Week 4 Flashcards
Bonds
bonds are like money market instruments (debt security where an investor loans money to an entity in exchange for periodic interest payments and the return of the principal amount (the face value) at maturity) However, they have maturities that exceeds one year
Why do people borrow long term
To reduce the risk that interest rates will rise before individuals or firms can pay off their debt.
What is the capital market used for?
Capital markets are used for long-term investments, such as financing and raising funds for investments beyond one year
What are the primary issuers of capital market securities?
Federal and local governments: Debt issuers (long-term notes and bonds)
Corporations: Equity and debt issuers (stocks and bonds)
What are the two types of capital market trading?
Primary market: For the initial sale of securities (e.g., IPO)

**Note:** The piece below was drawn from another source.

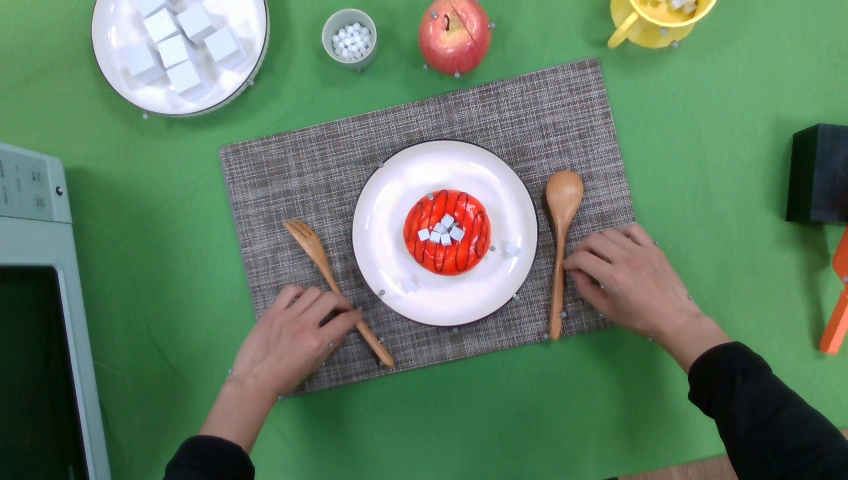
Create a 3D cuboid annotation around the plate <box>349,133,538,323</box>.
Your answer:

Secondary market: Where securities are traded after the initial sale (e.g., over-the-counter or organized exchanges like the NYSE
What is the main difference between Treasury bills, notes, and bonds?

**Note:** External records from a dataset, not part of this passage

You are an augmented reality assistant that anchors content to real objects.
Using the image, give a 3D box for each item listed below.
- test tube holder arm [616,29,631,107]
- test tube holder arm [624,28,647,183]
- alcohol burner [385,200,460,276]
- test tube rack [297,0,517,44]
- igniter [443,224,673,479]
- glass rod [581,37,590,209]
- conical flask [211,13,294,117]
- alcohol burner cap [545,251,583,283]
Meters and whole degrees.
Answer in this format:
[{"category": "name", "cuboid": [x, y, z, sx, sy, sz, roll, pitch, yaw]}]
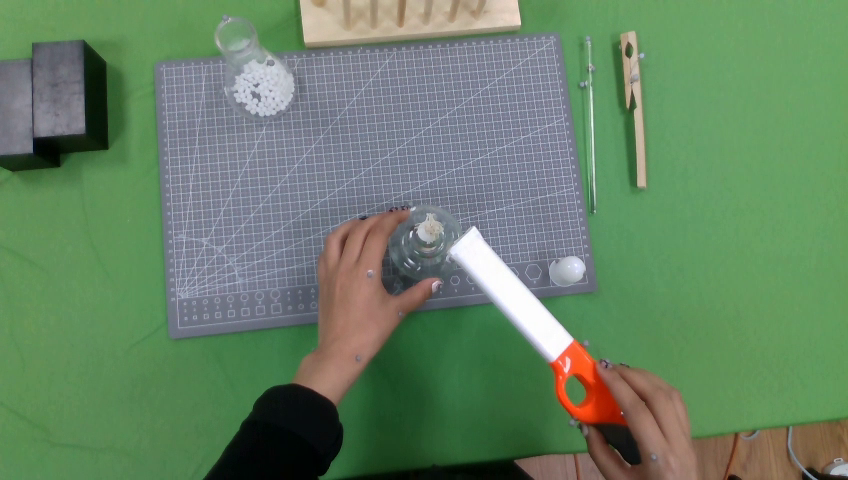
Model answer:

Treasury bill: Maturity of less than 1 year
Treasury note: Maturity of 1 to 10 years
Treasury bond: Maturity of 10 to 30 years
How do short-term Treasury bills compare to long-term Treasury bonds in terms of interest rates?

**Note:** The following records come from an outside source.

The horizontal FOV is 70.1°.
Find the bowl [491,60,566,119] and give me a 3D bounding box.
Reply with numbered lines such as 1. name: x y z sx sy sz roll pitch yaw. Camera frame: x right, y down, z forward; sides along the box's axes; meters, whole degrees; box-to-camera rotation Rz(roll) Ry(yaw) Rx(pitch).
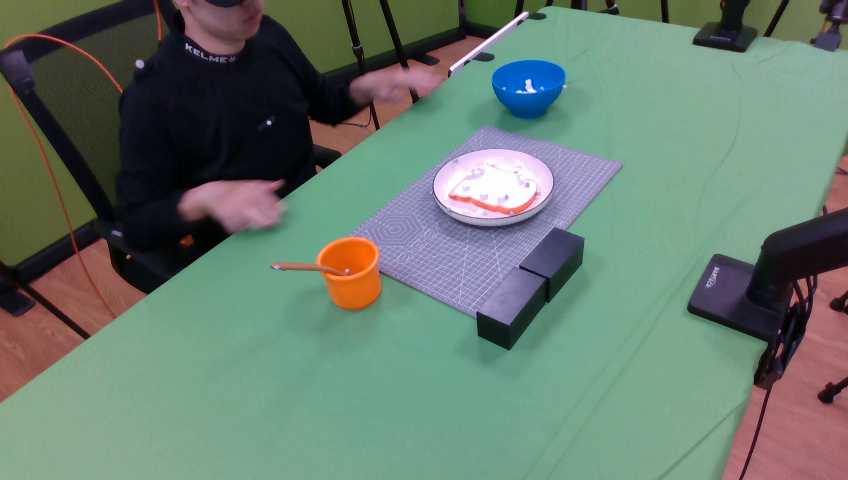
1. bowl: 0.215 -0.302 1.248 0.151 0.077 0.150 -4 40 4

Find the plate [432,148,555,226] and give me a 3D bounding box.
1. plate: 0.119 -0.087 1.037 0.209 0.038 0.208 -4 40 4

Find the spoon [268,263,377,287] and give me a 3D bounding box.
1. spoon: -0.137 0.045 0.839 0.041 0.195 0.021 28 96 38

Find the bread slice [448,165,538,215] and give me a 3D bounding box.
1. bread slice: 0.126 -0.085 1.037 0.133 0.018 0.107 17 45 27

Short-term rates of returns (on bills) are typically lower than long-term rates (on bonds).
Short-term rates are more volatile and are heavily influenced by the current rate of inflation.
What are Treasury Inflation-Protected Securities (TIPS)?
TIPS are bonds that protect against inflation by adjusting the principal value according to inflation. At maturity, they are redeemed at the greater of inflation-adjusted principal or par amount.
What is Treasury STRIPS?
STRIPS (Separate Trading of Registered Interest and Principal Securities) separate a Treasury bond’s coupon payments from the principal repayment and sell them as zero-coupon bonds.
Characteristics of Municipal Bonds
Issued by local, county and state government
Used to finance public interest projects
Tax-free
Types of Municipal Bonds
General obligation bonds: do not have specific assets pledged as security or a specific source of revenue allocated for their payment. They are backed by the “full faith and credit” of the issuing government. (e.g. taxes collected can be used to pay to the bondholders)
Revenue bonds: are backed by the cash flow of a particular revenue generating project. (generated revenues of projects are used to pay to the bondholders)
Corporate Bonds
It has different face values: $1000,$5000 or $10000.
Cannot be redeemed anytime the issuer wishes, unless specific clause is stated
Degree of risk varies with each bond, even from the same issuer, and the required interest rate varies alongside it.
Characteristics of Coporate Bonds
Register bonds: are bonds that are tracked by the issuer and the IRS (IRS tracks the income interest)
Restrictive Covenant: rules designed to protect bondholders’ interests. —- May limit dividends, new debt, rations, etc.
- Usually includes a cross-default clause
- Typically lower interest when more restrictions are placed
Call provision: A call provision gives the issuer the right to force the bondholder to sell the bond back.
Conversion: Some debt may be converted to equity, in other words, bonds can be converted into shares of common stock
What are secured bonds?
Secured bonds are bonds backed by collateral (e.g., property or assets). For example, mortgage bonds are secured by real estate, and equipment trust certificates are secured by tangible property such as heavy equipment or airplanes
What are unsecured bonds?
Unsecured bonds are not backed by collateral and are instead backed by the issuer’s general creditworthines
Examples include:
Debentures: Long-term unsecured bonds.
Subordinated debentures: Bonds with a lower priority claim on assets in case of default.